I saw there is a topic going about getting goats to eat brush, is the concept similar for fruits and veggies? Cut back the grain? I just want them to eat the ends of what im cooking for supper, lol. Carrots, lettuce, etc. Do some goats just not like this stuff?


----------



## deerbunnyfarm (Dec 14, 2015)

Nope. Contrary to popular belief, goats are picky eaters!! They all have their own preferences.


----------



## ShireRidgeFarm (Sep 24, 2015)

Some of my goats like fruits and veggies, others don't.  I usually don't force them to eat anything because I figure they've got a good reason for not eating that thing, and especially if it's brush I'd hate to force-feed them something I didn't realize was poisonous. 

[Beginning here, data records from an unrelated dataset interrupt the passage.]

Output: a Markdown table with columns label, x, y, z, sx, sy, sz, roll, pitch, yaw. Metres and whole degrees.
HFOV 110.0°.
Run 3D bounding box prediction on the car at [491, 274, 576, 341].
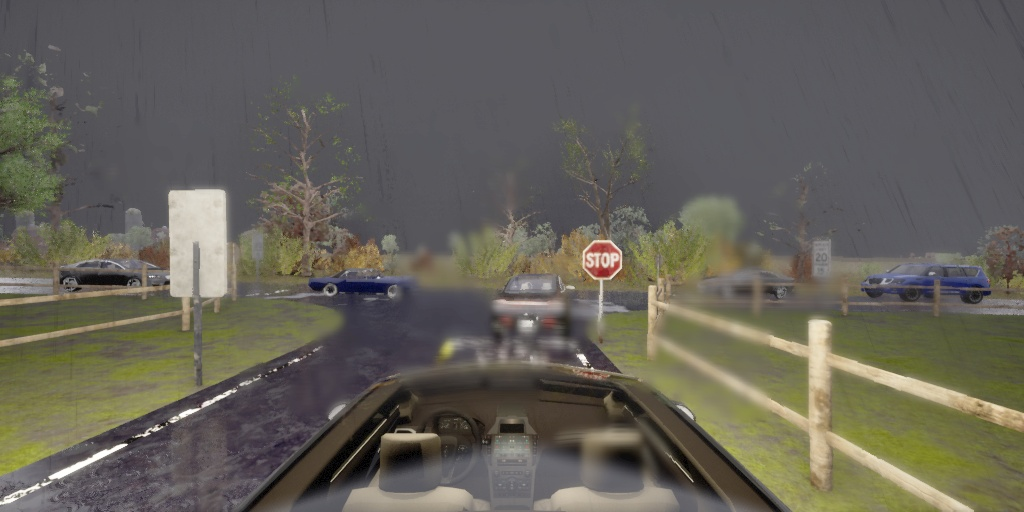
| label | x | y | z | sx | sy | sz | roll | pitch | yaw |
| --- | --- | --- | --- | --- | --- | --- | --- | --- | --- |
| car | 0.707 | 1.240 | 9.986 | 2.128 | 1.511 | 4.902 | 0 | 0 | 9 |

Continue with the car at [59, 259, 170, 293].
| label | x | y | z | sx | sy | sz | roll | pitch | yaw |
| --- | --- | --- | --- | --- | --- | --- | --- | --- | --- |
| car | -18.489 | 0.885 | 17.034 | 4.902 | 1.511 | 2.128 | 1 | 1 | 0 |

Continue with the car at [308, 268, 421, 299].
| label | x | y | z | sx | sy | sz | roll | pitch | yaw |
| --- | --- | --- | --- | --- | --- | --- | --- | --- | --- |
| car | -6.821 | 1.248 | 17.017 | 4.718 | 1.301 | 1.895 | 1 | 1 | 0 |

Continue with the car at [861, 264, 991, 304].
| label | x | y | z | sx | sy | sz | roll | pitch | yaw |
| --- | --- | --- | --- | --- | --- | --- | --- | --- | --- |
| car | 22.900 | 1.467 | 19.932 | 5.566 | 2.045 | 2.150 | 1 | 1 | 0 |

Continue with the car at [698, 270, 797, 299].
| label | x | y | z | sx | sy | sz | roll | pitch | yaw |
| --- | --- | --- | --- | --- | --- | --- | --- | --- | --- |
| car | 13.005 | 1.525 | 19.944 | 4.902 | 1.511 | 2.128 | 1 | 1 | 0 |
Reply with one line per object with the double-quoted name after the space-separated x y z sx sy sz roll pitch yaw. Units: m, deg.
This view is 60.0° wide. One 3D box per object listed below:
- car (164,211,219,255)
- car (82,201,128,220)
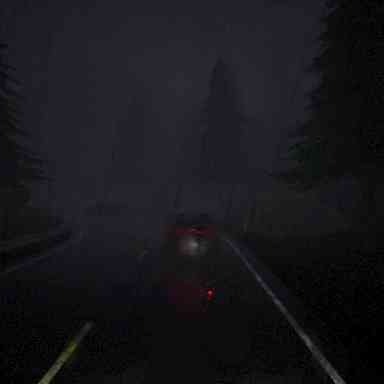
-0.037 1.529 13.355 1.837 1.490 4.892 0 -1 -2 "car"
-7.738 1.533 29.238 5.008 1.535 1.882 0 -1 41 "car"
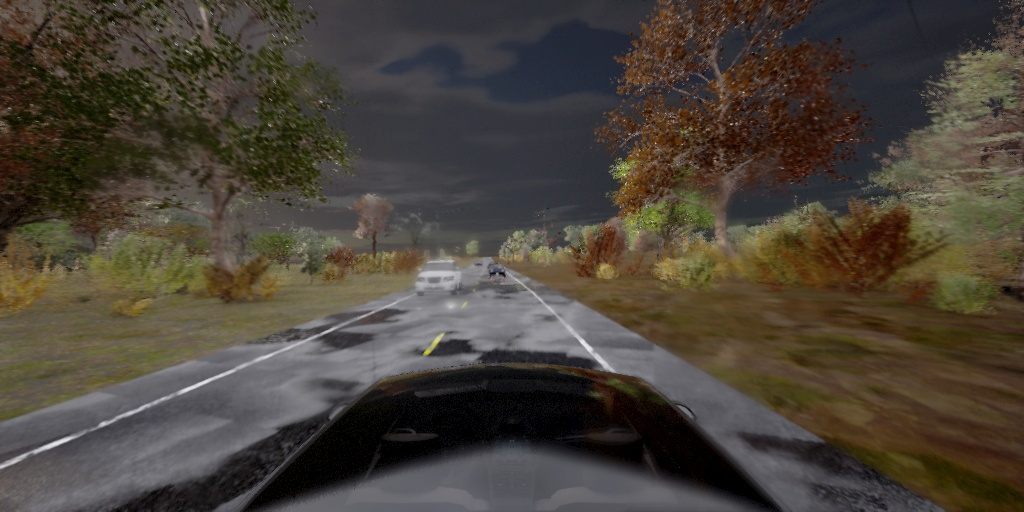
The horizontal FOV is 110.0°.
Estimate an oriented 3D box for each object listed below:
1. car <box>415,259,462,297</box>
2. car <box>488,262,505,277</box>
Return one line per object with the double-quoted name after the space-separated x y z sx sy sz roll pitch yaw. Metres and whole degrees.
-4.257 1.244 21.674 2.150 2.045 5.566 -2 0 -3 "car"
-1.781 1.707 41.846 1.895 1.301 4.718 -2 0 -4 "car"
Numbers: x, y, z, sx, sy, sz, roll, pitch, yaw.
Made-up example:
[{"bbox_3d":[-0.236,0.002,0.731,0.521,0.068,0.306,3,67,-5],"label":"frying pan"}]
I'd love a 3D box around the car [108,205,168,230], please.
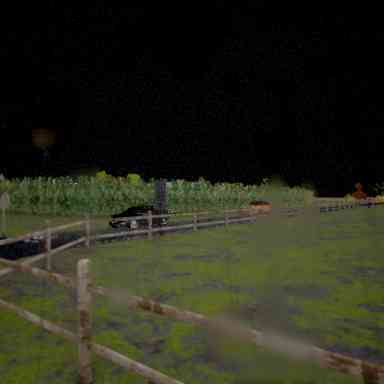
[{"bbox_3d":[-3.682,1.735,23.404,1.837,1.490,4.892,-1,-1,36],"label":"car"}]

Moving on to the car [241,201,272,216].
[{"bbox_3d":[7.581,1.813,38.936,2.097,1.767,4.553,-1,-1,36],"label":"car"}]
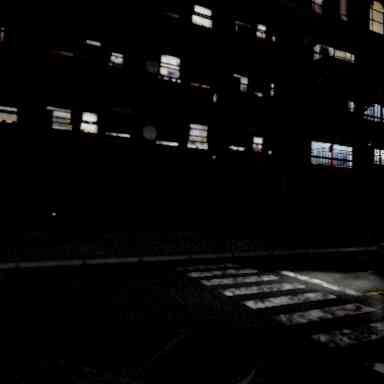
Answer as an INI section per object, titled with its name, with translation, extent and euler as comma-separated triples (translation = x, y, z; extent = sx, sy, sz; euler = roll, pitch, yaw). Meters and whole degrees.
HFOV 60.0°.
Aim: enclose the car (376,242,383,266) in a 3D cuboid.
[car]
translation = 9.055, 2.108, 12.414
extent = 4.902, 1.511, 2.128
euler = 2, -2, -25
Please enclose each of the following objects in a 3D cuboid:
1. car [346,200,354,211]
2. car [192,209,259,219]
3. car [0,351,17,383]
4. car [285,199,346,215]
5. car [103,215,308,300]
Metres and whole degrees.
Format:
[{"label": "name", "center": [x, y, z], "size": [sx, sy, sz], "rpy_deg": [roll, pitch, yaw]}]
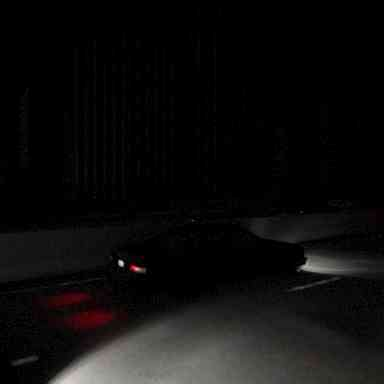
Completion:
[{"label": "car", "center": [15.533, 1.503, 35.667], "size": [4.674, 1.442, 1.812], "rpy_deg": [0, 0, -34]}, {"label": "car", "center": [2.212, 1.592, 18.273], "size": [4.718, 1.301, 1.895], "rpy_deg": [0, 0, -34]}, {"label": "car", "center": [-3.043, 1.564, 1.571], "size": [4.181, 1.385, 1.994], "rpy_deg": [0, 0, -35]}, {"label": "car", "center": [10.231, 1.531, 27.898], "size": [5.357, 1.411, 2.033], "rpy_deg": [0, 0, -34]}, {"label": "car", "center": [0.571, 1.543, 8.401], "size": [5.357, 1.411, 2.033], "rpy_deg": [0, 0, -35]}]
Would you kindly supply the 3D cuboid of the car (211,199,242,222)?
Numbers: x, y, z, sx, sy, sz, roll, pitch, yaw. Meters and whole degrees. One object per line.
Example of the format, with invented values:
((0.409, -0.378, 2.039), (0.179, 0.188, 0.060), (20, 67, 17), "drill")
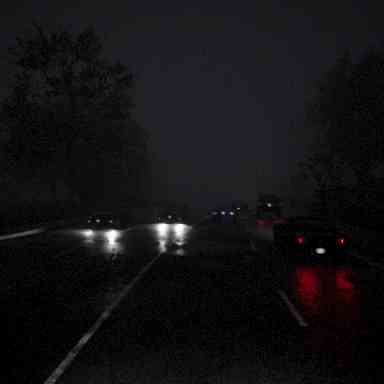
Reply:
((2.637, 1.545, 26.020), (2.033, 1.411, 5.357), (0, 0, 10), "car")

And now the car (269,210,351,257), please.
((4.377, 1.607, 12.974), (1.895, 1.301, 4.718), (0, 0, 5), "car")

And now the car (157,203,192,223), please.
((-1.218, 1.551, 25.127), (1.994, 1.385, 4.181), (0, 0, 10), "car")

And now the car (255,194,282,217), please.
((7.149, 1.231, 31.100), (2.150, 2.045, 5.566), (0, 0, 11), "car")

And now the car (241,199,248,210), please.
((6.096, 1.549, 42.559), (1.994, 1.385, 4.181), (0, 0, 13), "car")

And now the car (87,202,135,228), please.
((-5.229, 1.483, 22.135), (1.837, 1.490, 4.892), (0, -1, 8), "car")
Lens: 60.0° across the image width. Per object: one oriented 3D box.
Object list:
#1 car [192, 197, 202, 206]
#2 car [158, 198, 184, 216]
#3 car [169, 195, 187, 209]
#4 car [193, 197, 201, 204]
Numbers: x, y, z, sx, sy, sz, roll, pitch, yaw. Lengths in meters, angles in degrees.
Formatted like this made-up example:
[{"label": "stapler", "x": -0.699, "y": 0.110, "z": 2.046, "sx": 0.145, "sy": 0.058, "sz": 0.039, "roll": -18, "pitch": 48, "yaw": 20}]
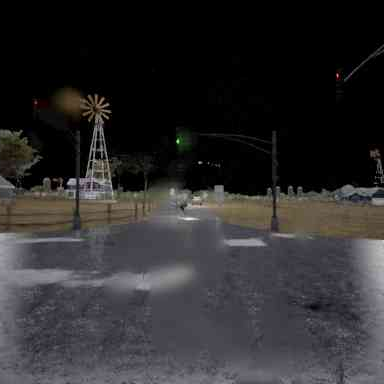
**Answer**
[{"label": "car", "x": 0.963, "y": 1.849, "z": 62.514, "sx": 2.033, "sy": 1.411, "sz": 5.357, "roll": 0, "pitch": 0, "yaw": 1}, {"label": "car", "x": -2.256, "y": 1.667, "z": 33.894, "sx": 2.033, "sy": 1.411, "sz": 5.357, "roll": 0, "pitch": 0, "yaw": 1}, {"label": "car", "x": -2.115, "y": 1.401, "z": 44.546, "sx": 2.150, "sy": 2.045, "sz": 5.566, "roll": 0, "pitch": 0, "yaw": 0}, {"label": "car", "x": 1.104, "y": 1.763, "z": 72.989, "sx": 1.812, "sy": 1.442, "sz": 4.674, "roll": 0, "pitch": -1, "yaw": 1}]
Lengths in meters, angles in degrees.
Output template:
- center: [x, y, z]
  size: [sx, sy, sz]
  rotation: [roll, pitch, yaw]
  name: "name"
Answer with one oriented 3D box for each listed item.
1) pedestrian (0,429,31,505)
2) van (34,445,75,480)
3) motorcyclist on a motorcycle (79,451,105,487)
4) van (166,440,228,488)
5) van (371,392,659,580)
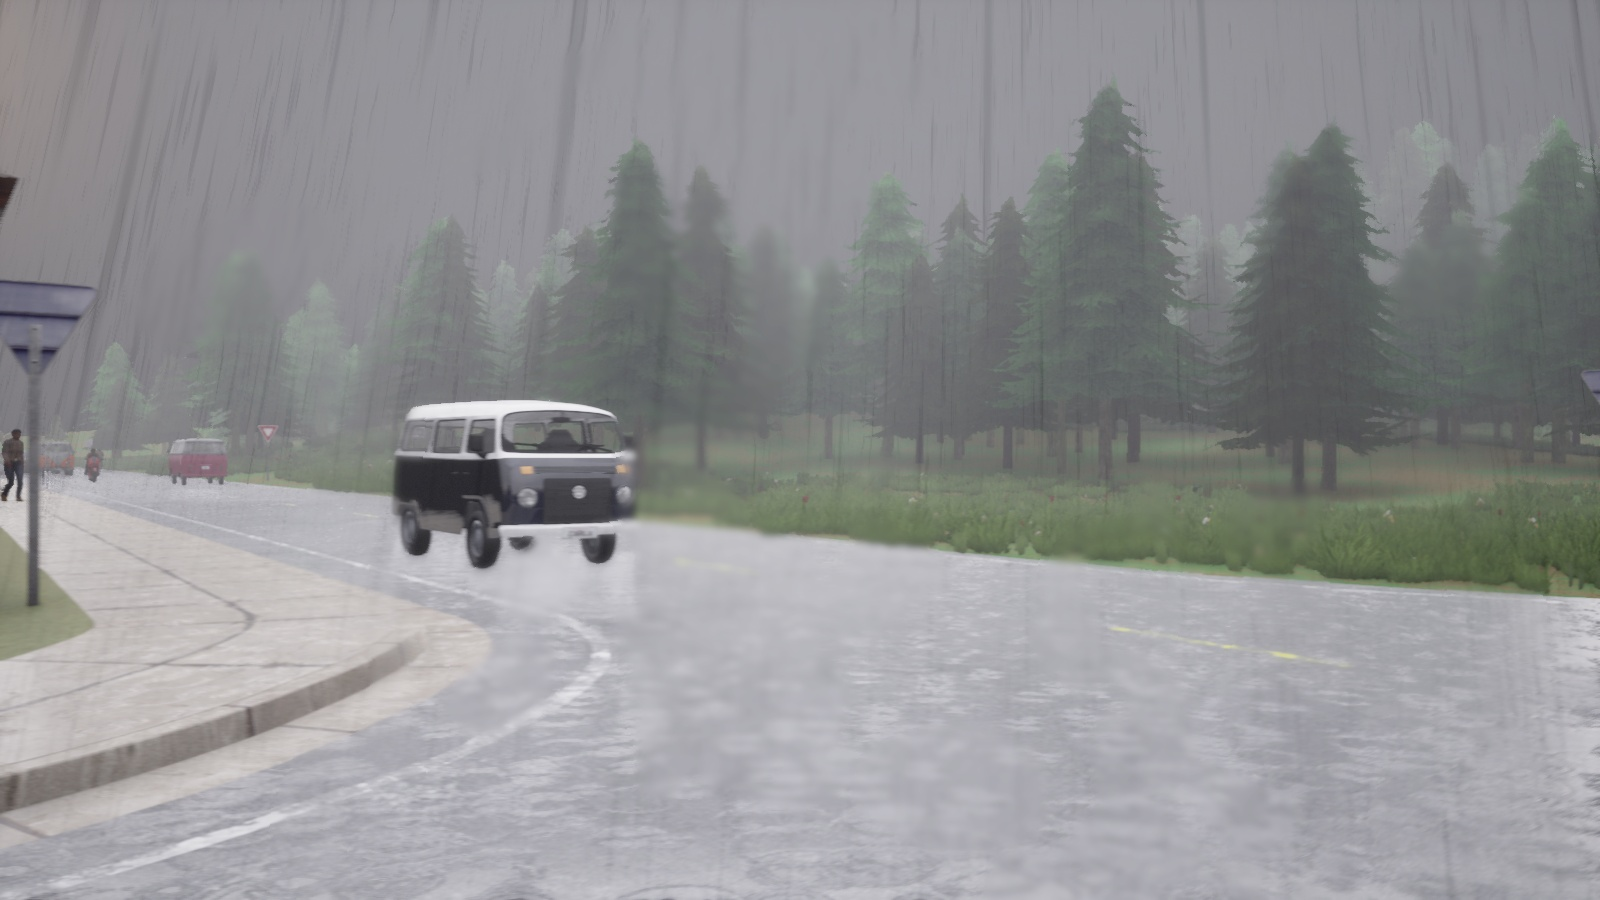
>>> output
- center: [-18.875, 0.404, 30.166]
  size: [0.869, 1.805, 0.328]
  rotation: [0, 0, 33]
  name: "pedestrian"
- center: [-43.568, 0.704, 73.362]
  size: [1.775, 1.987, 4.442]
  rotation: [0, 0, -35]
  name: "van"
- center: [-31.800, 0.830, 56.405]
  size: [0.797, 1.523, 2.044]
  rotation: [0, 1, -35]
  name: "motorcyclist on a motorcycle"
- center: [-26.157, 0.607, 54.409]
  size: [1.775, 1.987, 4.442]
  rotation: [0, -1, -35]
  name: "van"
- center: [-3.782, 0.399, 16.022]
  size: [2.069, 2.038, 4.480]
  rotation: [0, 0, -35]
  name: "van"

Chickens, on the other hand, will eat just about anything! That's who we send all our garden scraps and such to.


----------



## NyGoatMom (Jan 26, 2013)

I have a goat that will not even touch grass...only hay, leaves if they are fresh and have never touched the ground and her grain mix.My chickens on the other hand will eat anything.


----------



## Rise_and_Shine_Ranch (May 16, 2015)

I have to _make _ some of my goats try new things. They turn their nose up at anything that isn't hay or grain. I just wiggle a piece into their mouths and sure enough they like it! Before long, they will finish the veggie or fruit and keep gnawing on the stem/core. The first time I encountered this I couldn't believe it. They are just like human kids!


----------



## lottsagoats1 (Apr 12, 2014)

Mine won't touch fruit or veggies but love donuts, cookies and such like that. Pretty much like their owner (only I do love fruit). I can get them to eat apple sauce if I mix it in their soaked beet pulp, but that's the only way.


----------



## rr89ca (Aug 28, 2015)

Wow lol i was hoping to get the boogers to eat the veggie scraps, looks like ill need chickens now  my boyfriend is going to hate me!


----------



## wndngrvr (Dec 10, 2011)

Mine only want the scraps if they see me heading for the chicken coop with it. Mine also will not eat anything that is dirty and have their own list of things they like. That includes pumpkin or squash slices when we have it - some love tangerines. Goats are fussy unless they are maybe starving.


----------



## just_plain_bob (May 4, 2013)

i have a "treat cup" 
whenever they see it coming they get excited 
it's the only way i get them to try new thing


----------